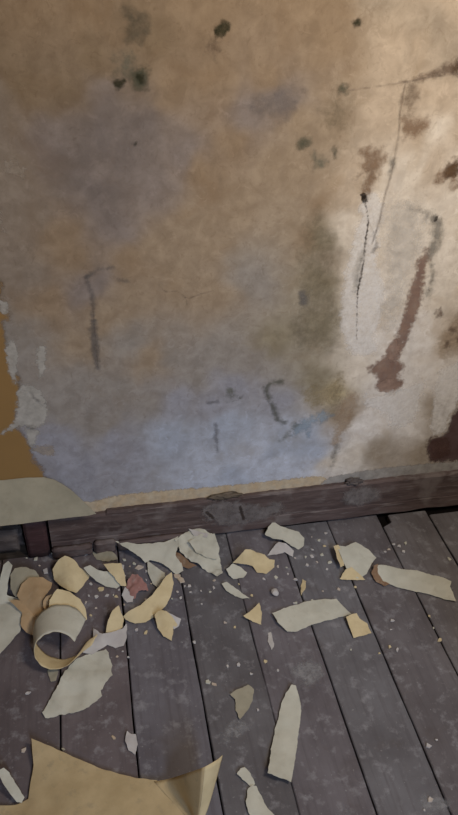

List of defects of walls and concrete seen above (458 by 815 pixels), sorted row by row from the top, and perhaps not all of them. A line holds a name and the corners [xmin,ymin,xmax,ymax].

damp [114,70,147,88]
damp [214,22,230,36]
peeling [0,0,458,512]
crack [357,194,369,295]
rust [368,216,441,392]
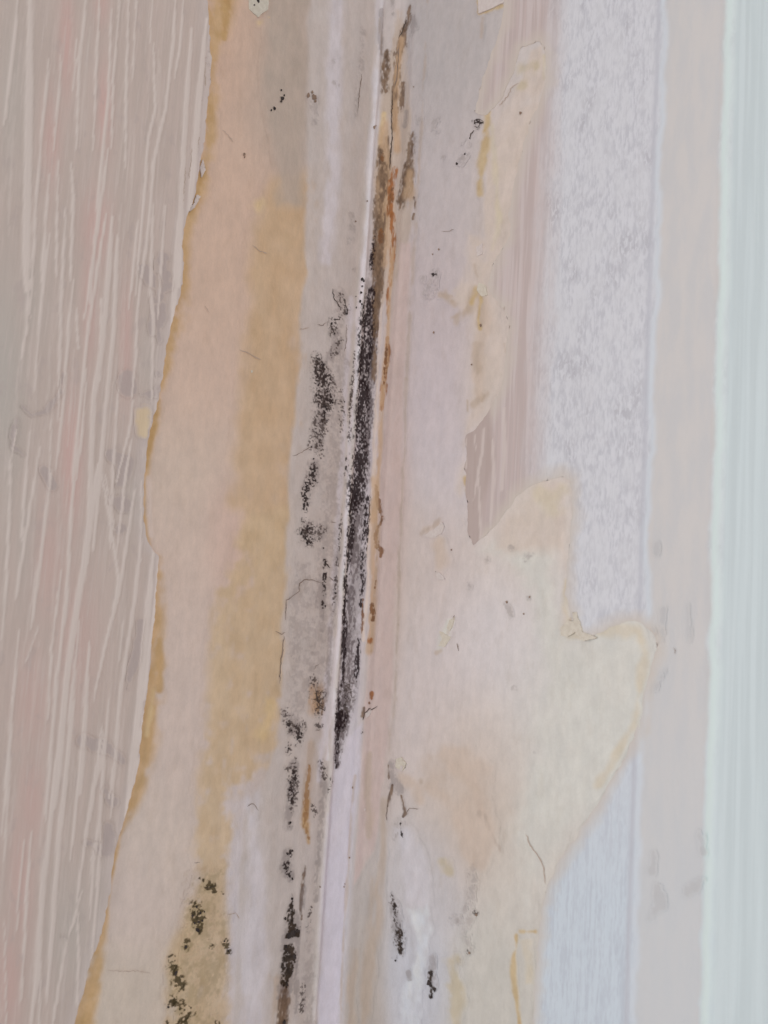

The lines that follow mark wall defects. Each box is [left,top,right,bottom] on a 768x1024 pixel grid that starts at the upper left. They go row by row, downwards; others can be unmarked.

leakage [75,0,244,1024]
leakage [159,0,441,1024]
rust [360,8,419,657]
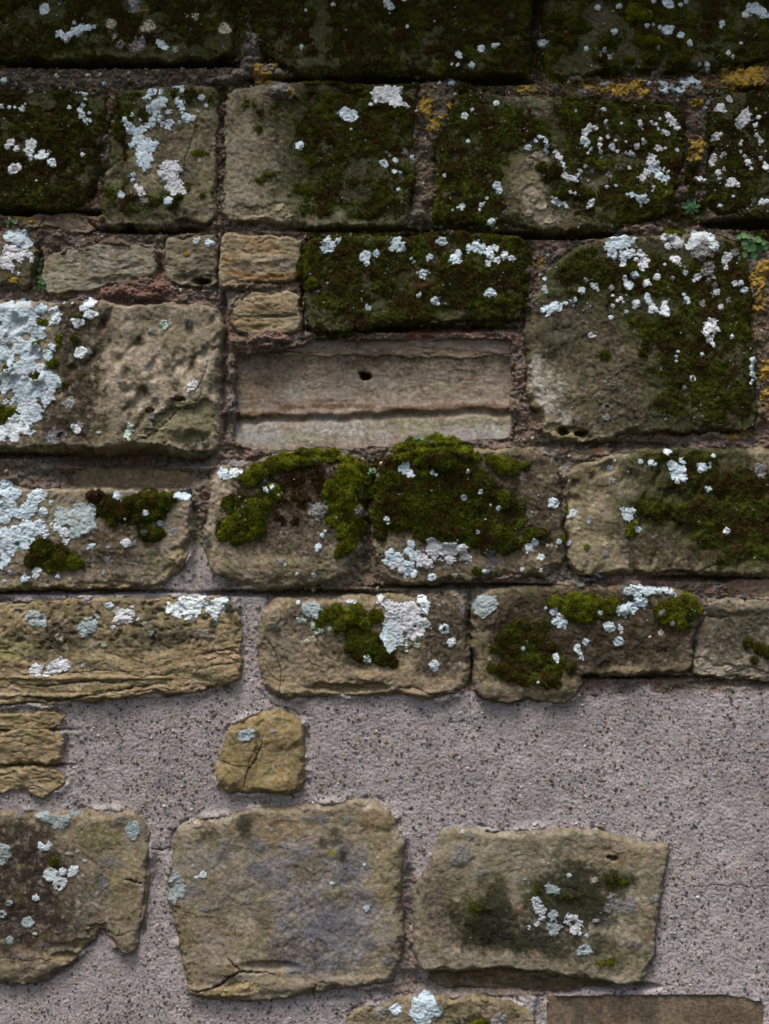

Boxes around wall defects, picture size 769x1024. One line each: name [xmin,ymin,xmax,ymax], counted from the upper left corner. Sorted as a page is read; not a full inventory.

crack [219,735,266,794]
crack [187,958,276,993]
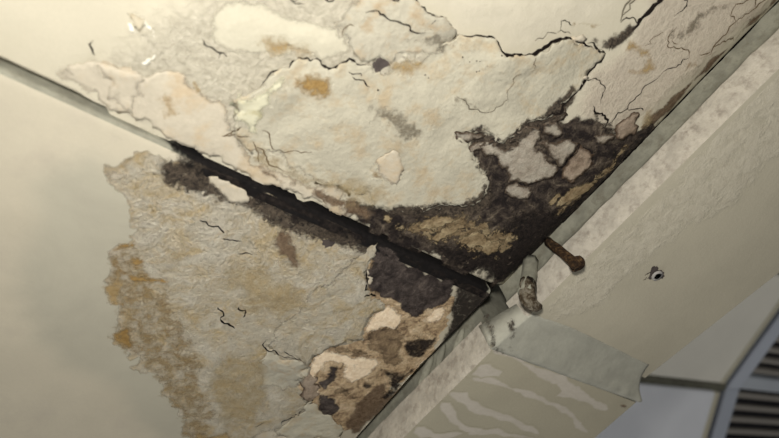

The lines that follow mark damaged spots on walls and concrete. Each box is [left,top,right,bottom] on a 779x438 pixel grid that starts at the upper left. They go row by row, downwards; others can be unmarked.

leakage [297,76,329,98]
peeling [48,0,605,255]
crack [342,0,765,129]
peeling [594,112,640,145]
leakage [0,87,695,438]
flaking render [253,245,455,438]
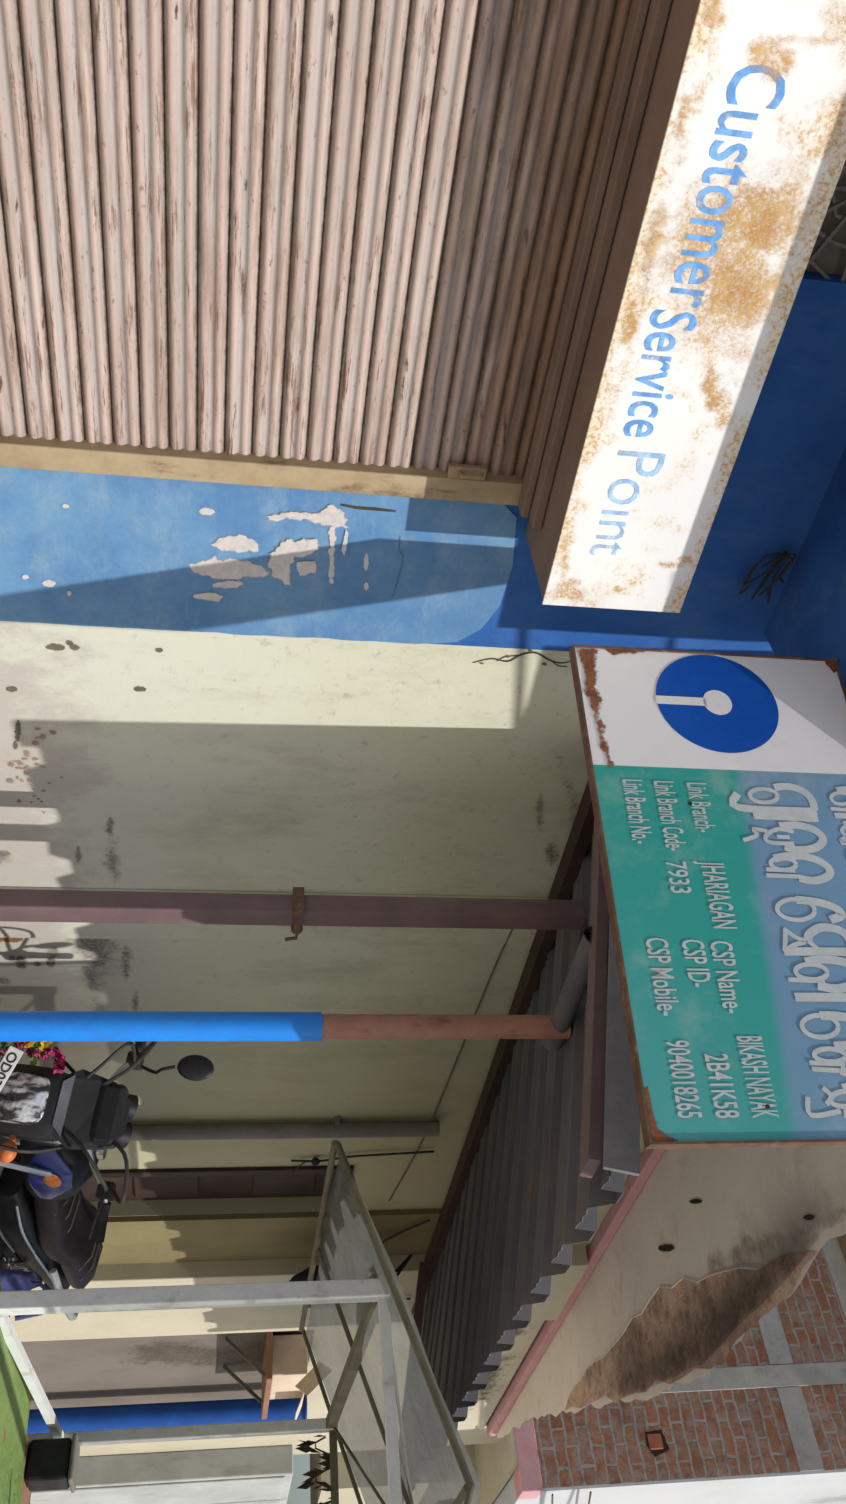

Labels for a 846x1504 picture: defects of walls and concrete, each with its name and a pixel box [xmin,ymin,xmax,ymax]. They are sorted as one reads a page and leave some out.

peeling [188,504,349,602]
crack [473,650,570,667]
flaking render [565,1252,818,1410]
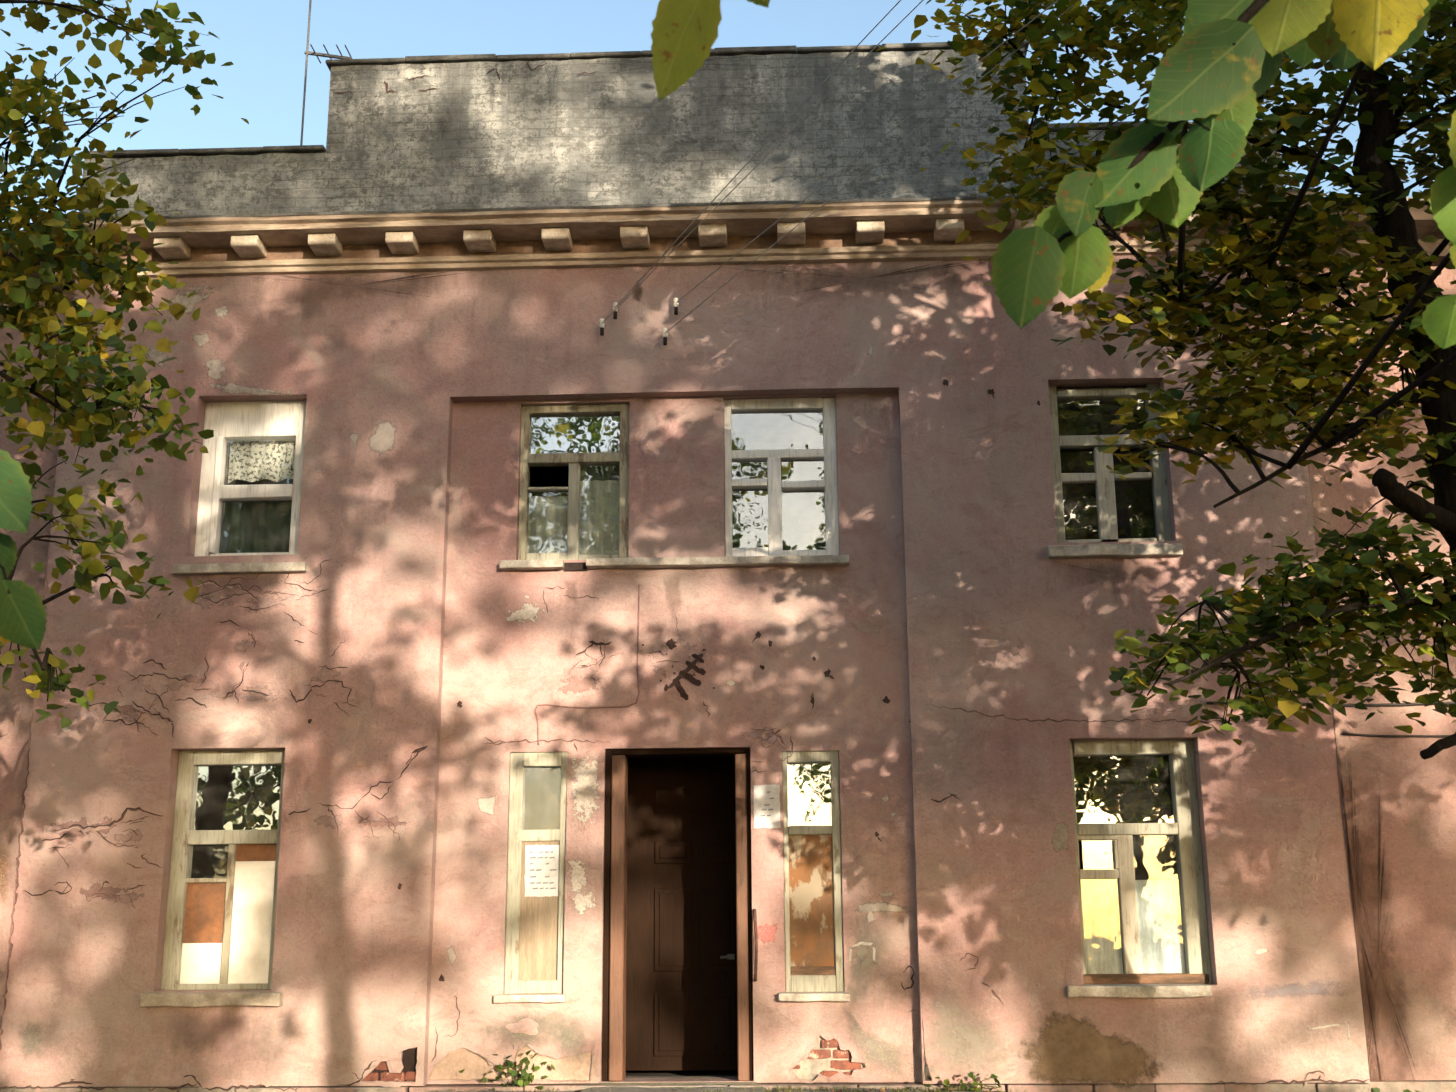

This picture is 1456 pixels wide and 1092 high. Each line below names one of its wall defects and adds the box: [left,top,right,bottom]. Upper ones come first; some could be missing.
-=-=-
Your task is to reproduce exactly the lines running from the line that contains "The lines that follow mark wall" to the end of the records, pictures excluded.

The lines that follow mark wall defects. Each box is [left,top,right,bottom] on a 768x1024 pixel grid that starts at the upper left. They go row by row, downwards; others can be unmarked.

leakage [75,0,244,1024]
leakage [159,0,441,1024]
rust [360,8,419,657]

Boxes around wall defects, picture size 769x1024. One line each: name [xmin,ymin,xmax,ymax], counted from the upper left corner. Sorted as a page is read; not a full inventory.

crack [219,735,266,794]
crack [187,958,276,993]

The lines that follow mark damaged spots on walls and concrete. Each box is [left,top,right,bottom] on a 779x438 pixel grid that starts at the upper left. They go row by row, downwards; others can be unmarked.

leakage [297,76,329,98]
peeling [48,0,605,255]
crack [342,0,765,129]
peeling [594,112,640,145]
leakage [0,87,695,438]
flaking render [253,245,455,438]

Labels for a 846x1504 picture: defects of walls and concrete, each with its name and a pixel box [xmin,ymin,xmax,ymax]. They are sorted as one reads a page and leave some out.

peeling [188,504,349,602]
crack [473,650,570,667]
flaking render [565,1252,818,1410]

This picture is 1456 pixels wide and 1092 high. Each line below names one of its wall defects and adds the box: [left,top,right,bottom]. Upper ones come first; some could be missing.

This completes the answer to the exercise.